Martin, Nats Hold Off Mets

By Chico Harlan
Washington Post Staff Writer
Saturday, September 19, 2009

NEW YORK, Sept. 18 -- Only a season of unrelenting ugliness permitted J.D. Martin, age 26, to become a major league baseball player this year. By the time he joined the Washington Nationals in late July, promoted from Class AAA Syracuse, Martin was filling a void no healthy team should have. Months earlier, Martin was 10th or 12th -- maybe even lower -- on the organization's starting pitcher depth chart. If Martin has since become a feel-good story, one must first forget the circumstances that brought him here.

Deep into what will soon be a 100-loss season, Martin has come to represent -- perhaps better than anybody -- both its desperation and its faint silver lining. He is not a star. He probably never will be. He is part of what General Manager Mike Rizzo calls "the inventory," and if that conveys an industrial arms-as-widgets mind-set, it's only because so many arms have already been cast aside.

The Nationals didn't win Friday night because of Martin; in fact, he looked unsteady for much of the evening, falling behind hitters and relying on stellar defense. What's more, with a near-destructive Mike MacDougal ninth inning, his performance nearly became an afterthought. Still, the Nationals defeated the Mets, 6-5, at Citi Field, and Martin did just enough to help break the three-game losing streak. He went 5 1/3 innings, allowing just two runs on seven hits. More noteworthy, Martin picked up his fifth win, tying him for second-best on the team with Shairon Martis, who hasn't pitched since June. On a team that's used 30 pitchers this year -- 19 with ERAs above 5.00 -- Martin (4.21 ERA) is one of four with a winning record.

"He's done a little better each time out," interim manager Jim Riggleman said.

On Friday, he required some help. He required, for run support, a pair of two-run homers against Mike Pelfrey -- first from Ryan Zimmerman (his 30th of the year), later from Josh Bard. He required a clutch against-the-wall leaping catch from left fielder Josh Willingham in the third, the frame where Martin was at his worst. He also required his teammates to clean up a sixth-inning mess, because when Martin was pulled, runners stood on first and third with one out -- and Washington led just 4-2. After walking Fernando Tatis to load the bases, lefty Ron Villone got Wilson Valdez to line to left. Carlos Beltrán tagged from third, but Willingham's throw beat him home, and Bard, moving to his left, applied a sweeping tag, completing the inning-ending double play.

"Unbelievable," Martin called the defense.

Martin's win, most of all, required some pull-your-hair-out assistance from the closer MacDougal, who nearly extinguished a four-run lead in the bottom of the ninth.
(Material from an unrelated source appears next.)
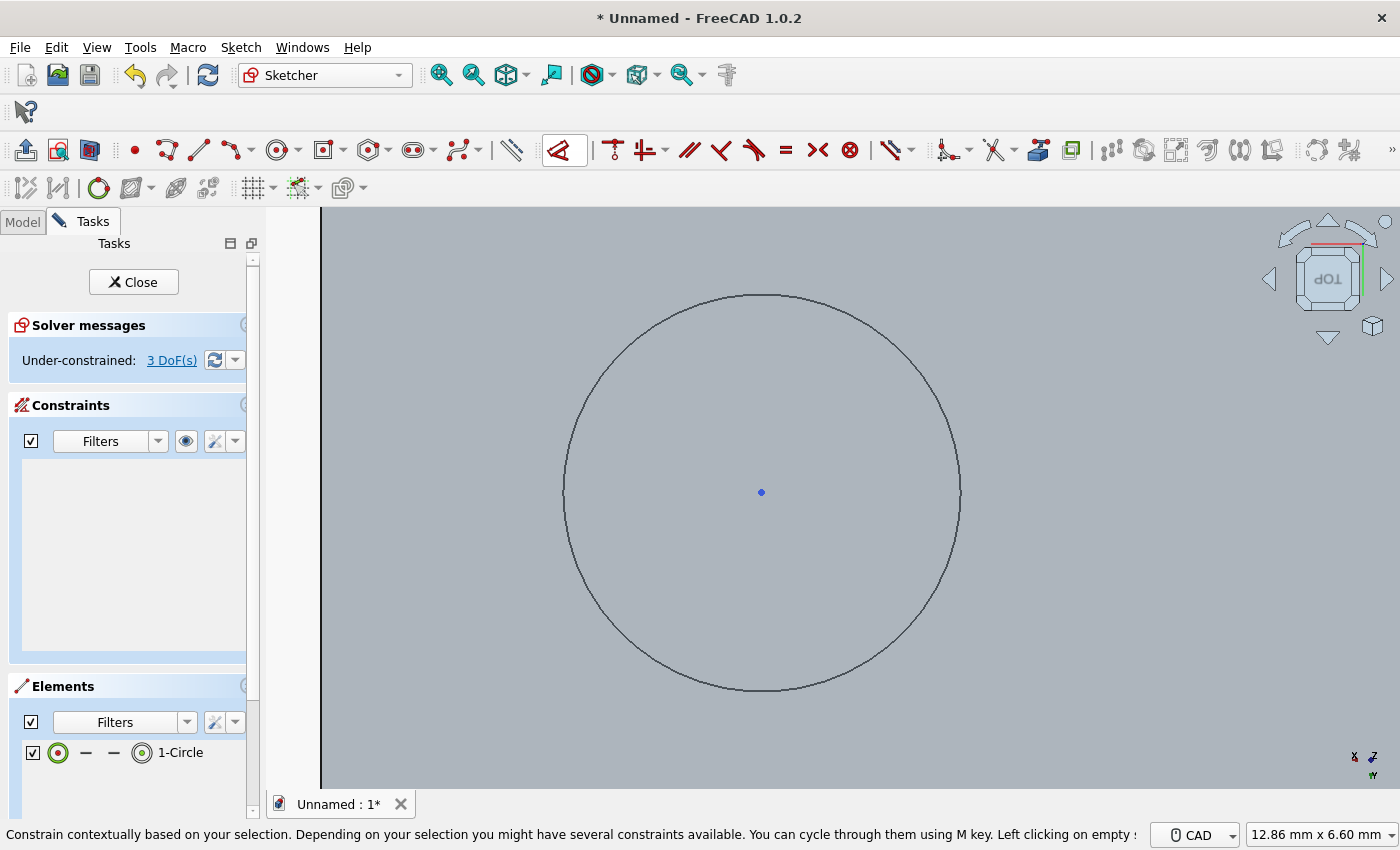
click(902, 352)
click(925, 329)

With the lead 6-2, the trouble kept growing. Back-to-back walks. Two singles. A throwing error that kept the game alive. Finally, New York crept to within a run, when Jeff Francoeur, with runners on second and third, knocked a grounder back to the mound. The ball knocked MacDougal's mitt off, but he recovered, picked it up and tossed to first, ending the game.

"I'm a little frustrated that I didn't make it easier than I did," MacDougal said, "but we came out with a win, and that's the ultimate goal."

That play saved the night for Washington, and it saved the win for Martin. Making his 12th big league start, Martin started fast, holding the Mets scoreless through two, but in the third, he lost command of his breaking ball. He faced seven hitters, falling behind five of them. No surprise, four of those five got hits. The other, David Wright, ripped a would-be double to left-center that required Willingham's snag. But after that two-run third, Martin allowed no further damage. Since Aug. 9 (eight starts), Martin is 5-2 with a 3.15 ERA.

Martin will get the chance next year to compete for a rotation spot, but he could just as easily end up in Class AAA. Healthy organizations need guys like Martin at that level. Because he throws just 88 mph, he has little margin for error. To be effective, he must overachieve.

"But so far," said one NL scout who's watched Martin this year, "he's pitched above his talent."

"My goal [originally] was just to get as many innings as I can, every outing try go as deep as possible, and really just keep us in the game every time," Martin said. "Getting five wins is really just a bonus for me. That's awesome."